New York, February 17, 2026, 11:23 (EST) — Regular session
- UnitedHealth slipped 0.8% in late morning trading, trailing other managed-care stocks.
- The report pointed to CEO Stephen Hemsley’s private startup bets, raising questions about possible conflicts.
- Medicare Advantage rate deadlines loom, while enrollment growth remains sluggish and in the spotlight.
UnitedHealth Group Incorporated (UNH) dropped 0.8%, trading at $290.89 as of 11:23 a.m. ET Tuesday. The move came after a Wall Street Journal report revealed CEO Stephen Hemsley had poured tens of millions into healthcare startups via his own Cloverfields Capital. Some of these firms either compete with or count UnitedHealth as a client. According to UnitedHealth’s statement to the Journal, Hemsley “continues to comply fully with UnitedHealth Group’s conflict of interest and trading policies.” The company also told the paper Hemsley has shifted his personal healthcare investments into a trust overseen by independent trustees. 1
The governance news knocked UnitedHealth hard, with shares diving almost 19% on Jan. 27. The stock, already jittery about Washington and mounting costs, took another hit as the company projected lower 2026 revenue and federal officials proposed a barely changed Medicare Advantage rate for 2027. “Investors hoping for a quick turnaround may have to wait longer than hoped,” Morningstar analyst Julie Utterback said at the time. 2
Medicare Advantage keeps delivering for major insurers, with close to 35.5 million enrolled as of Feb. 1—a roughly 3% rise from last year. Yet, sign-ups during the Oct. 15–Dec. 7 window increased just 1%, according to federal figures reported by STAT. 3
Delaware law demands that directors prioritize the company’s interests, flagging any conflicts before making moves. UnitedHealth’s board policy is explicit: directors should steer clear of relationships that might conflict with the company unless they come clean about it and measures are in place to keep those conflicts from swaying judgment. 4
UnitedHealth grabbed attention in an otherwise flat batch. Humana tacked on roughly 0.6%, Cigna edged up 0.3%. Elevance Health dipped 0.4%. The S&P 500 nudged higher.

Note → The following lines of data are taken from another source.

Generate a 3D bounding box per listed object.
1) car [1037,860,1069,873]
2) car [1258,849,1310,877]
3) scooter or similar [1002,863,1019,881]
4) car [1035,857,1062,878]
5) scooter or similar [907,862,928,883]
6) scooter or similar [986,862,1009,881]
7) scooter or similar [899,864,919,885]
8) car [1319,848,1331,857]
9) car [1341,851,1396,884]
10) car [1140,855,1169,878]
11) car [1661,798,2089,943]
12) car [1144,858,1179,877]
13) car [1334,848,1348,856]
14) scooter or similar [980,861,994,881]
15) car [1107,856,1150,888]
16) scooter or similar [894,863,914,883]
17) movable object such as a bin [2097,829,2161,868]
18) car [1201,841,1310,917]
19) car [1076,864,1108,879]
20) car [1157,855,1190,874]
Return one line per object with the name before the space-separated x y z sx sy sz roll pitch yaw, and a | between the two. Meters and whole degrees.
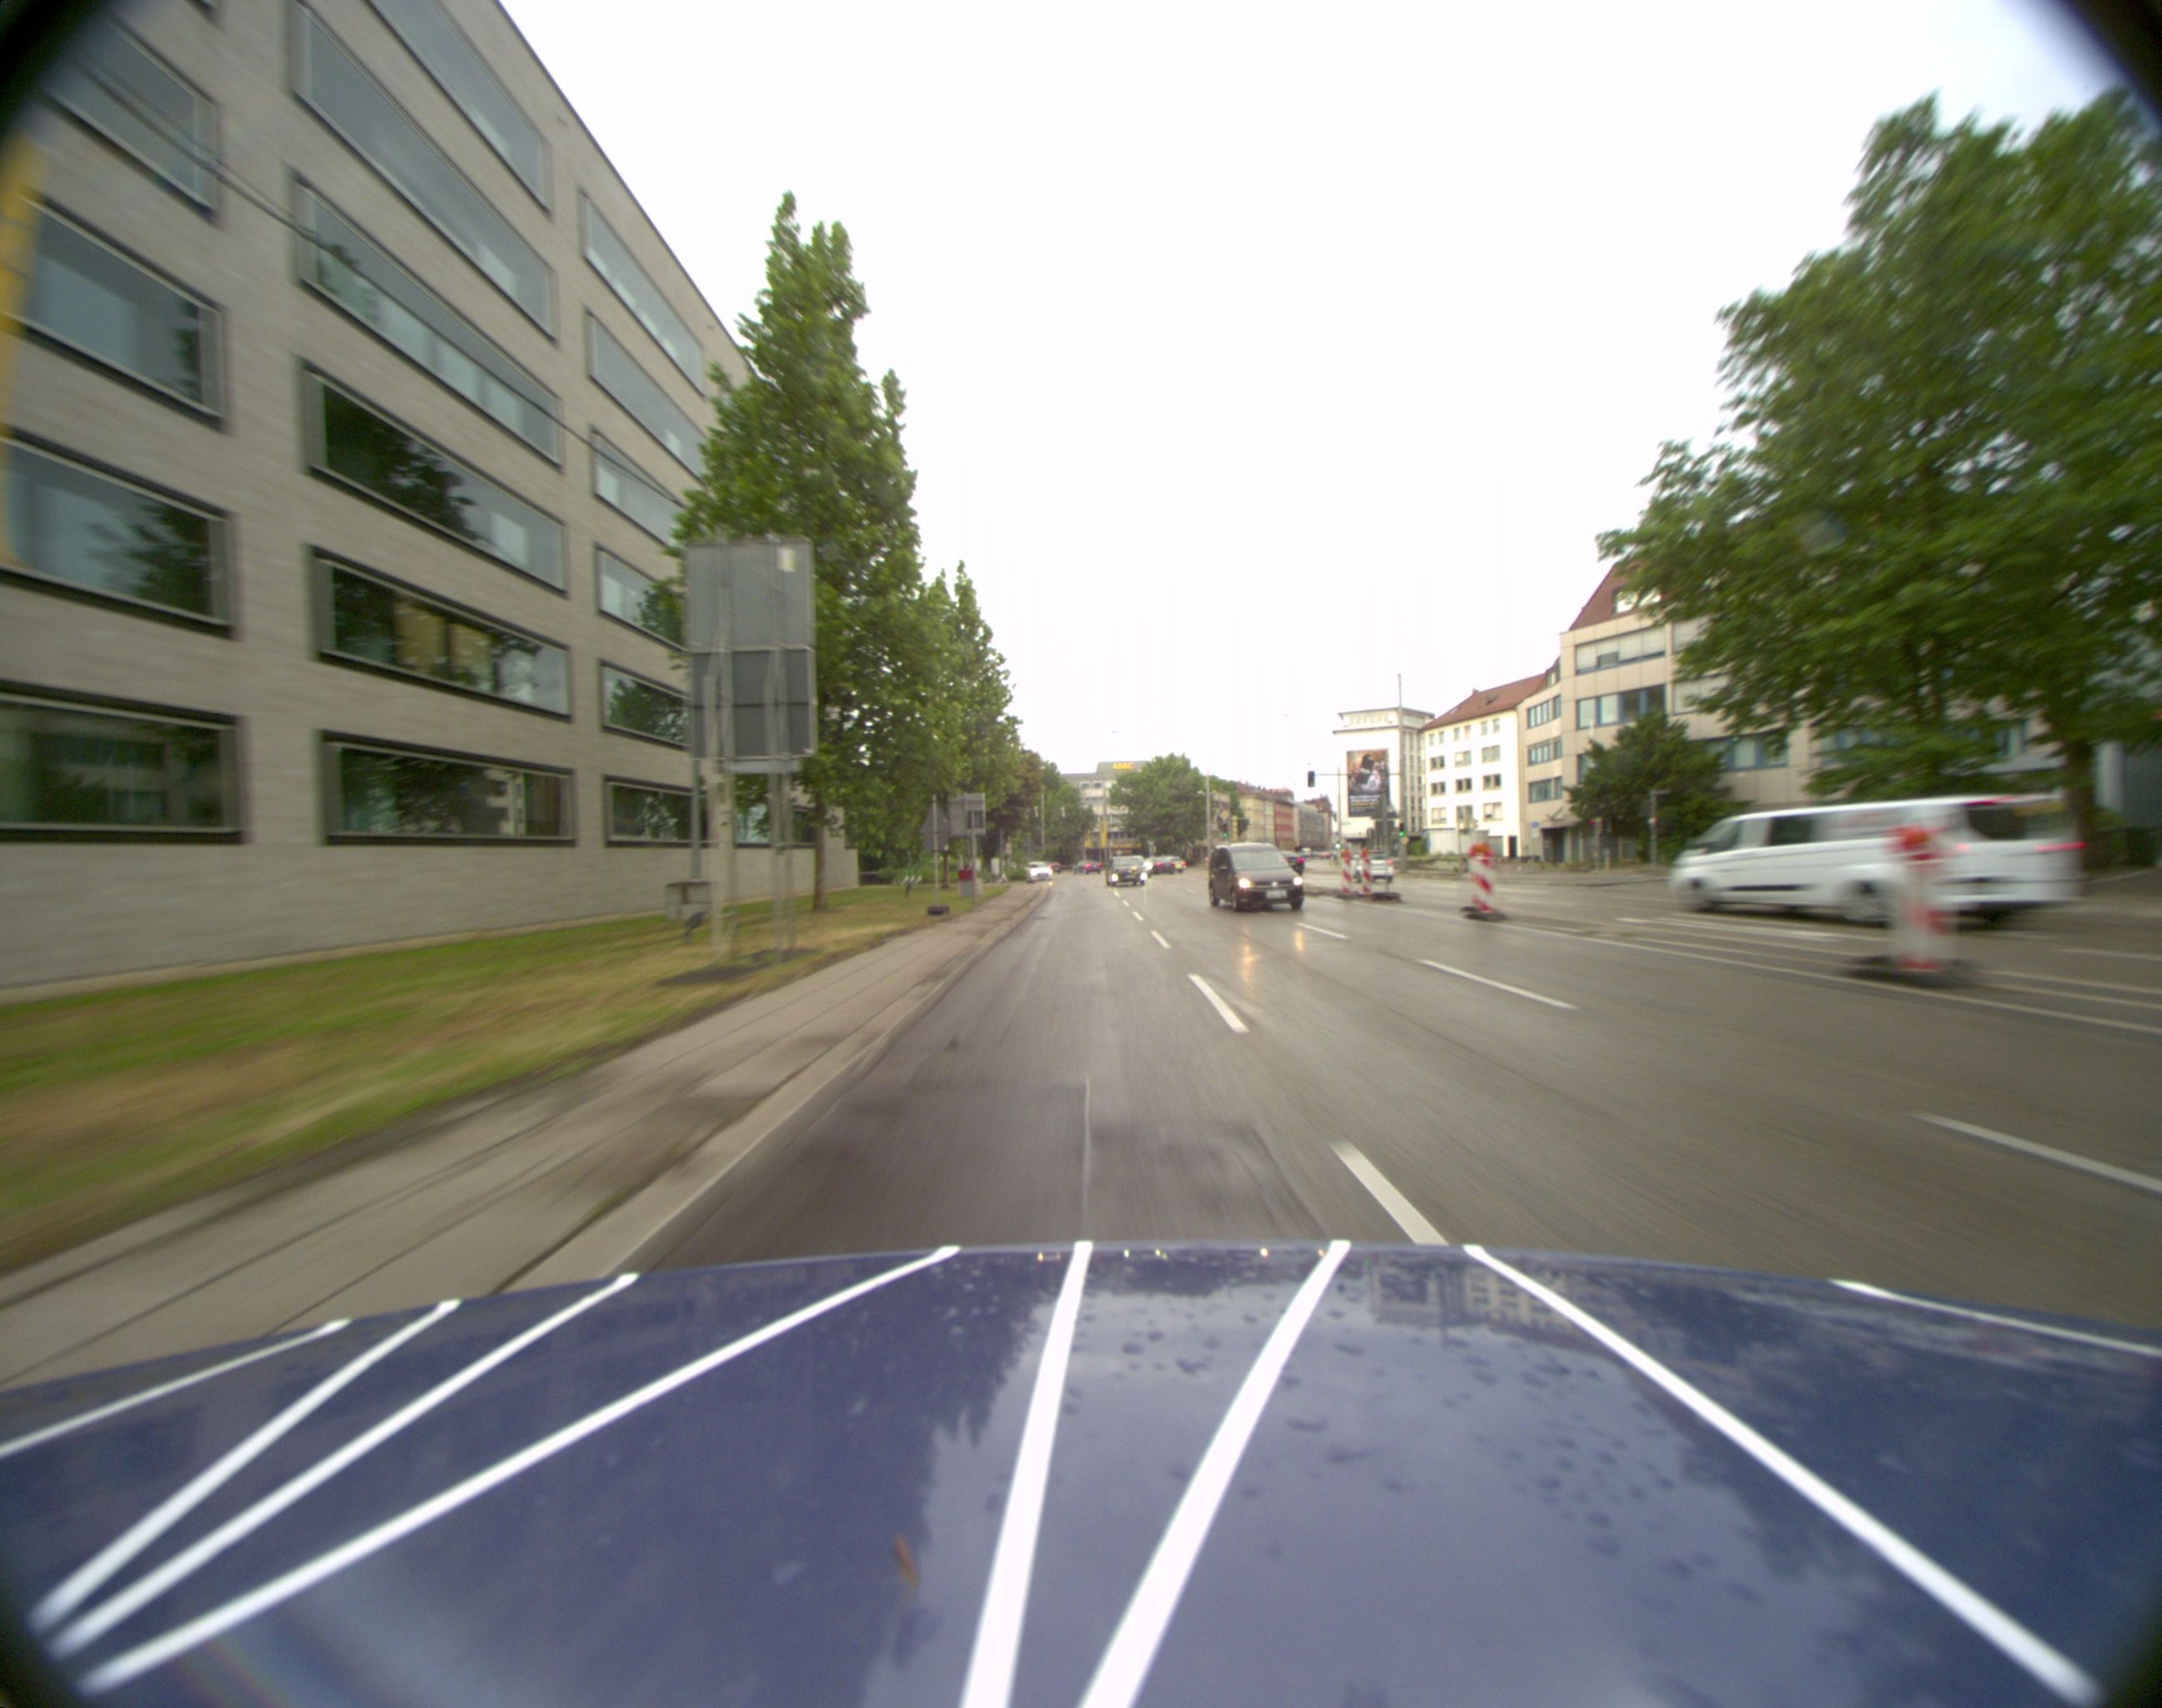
car | -3.414 1.489 92.014 1.827 1.503 4.221 -2 0 -38
car | 13.163 0.557 49.647 1.999 1.667 4.937 -1 0 -1
scooter or similar | -4.672 1.166 50.372 0.638 1.122 1.590 -2 1 -25
car | -2.578 1.076 60.621 1.847 1.566 4.000 -1 0 2
scooter or similar | -10.734 1.229 49.948 1.241 1.305 0.554 -1 1 -3
scooter or similar | -5.355 1.140 48.998 0.687 1.194 1.341 -1 1 38
scooter or similar | -11.418 1.355 50.463 1.241 1.305 0.472 -1 1 -3
car | 50.756 -0.260 157.951 1.995 1.832 4.447 -1 0 23
car | 13.729 0.632 36.447 1.559 1.475 2.950 -1 -1 2
car | 5.300 0.865 55.146 1.847 1.566 4.000 -1 0 2
car | 13.176 0.221 13.319 1.998 1.979 5.289 -1 0 0
car | 6.668 1.099 63.288 1.999 1.430 4.935 -1 0 -5
car | 48.934 -0.386 142.872 1.871 1.568 4.007 -1 0 27
scooter or similar | -6.021 1.074 48.652 0.563 1.194 1.326 -1 1 7
car | 2.564 0.949 41.984 1.931 1.532 3.998 -2 1 -3
scooter or similar | -11.859 1.261 50.979 1.241 1.305 0.472 -1 1 -3
movable object such as a bin | 26.824 -0.140 19.442 0.872 0.990 0.790 -1 1 45
car | 4.632 0.624 20.802 1.795 1.789 4.124 -2 0 -3
car | 1.090 1.798 77.820 1.774 1.408 4.075 -2 0 -22
car | 8.391 0.932 69.248 1.772 1.672 4.586 -1 0 -10

Cost pressure remains the main theme here. On Tuesday, STAT reported that UnitedHealth executives have committed to leveraging artificial intelligence to slash $1 billion in costs this year. Hemsley described it as the company “clearly embarking on a new age of technology” for health care. 5
UnitedHealth turned in its 2025 revenue numbers in late January, coming in at $447.6 billion. The company also laid out revenue guidance for 2026—management’s projecting more than $439 billion, with adjusted earnings topping $17.75 per share. Executives said this move reflects a broader effort to cut back on complexity and enforce stricter financial controls. 6
Still, if the CEO’s investment keeps looking like optics and doesn’t translate into real action, the stock’s dip might not stick. On the flip side, things could get complicated: investors might push for more details about the trust and how, if at all, it intersects with UnitedHealth’s other business. Then there’s Medicare Advantage pricing—always lurking as a risk—capable of squeezing margins, driving exits, or fueling benefit cuts.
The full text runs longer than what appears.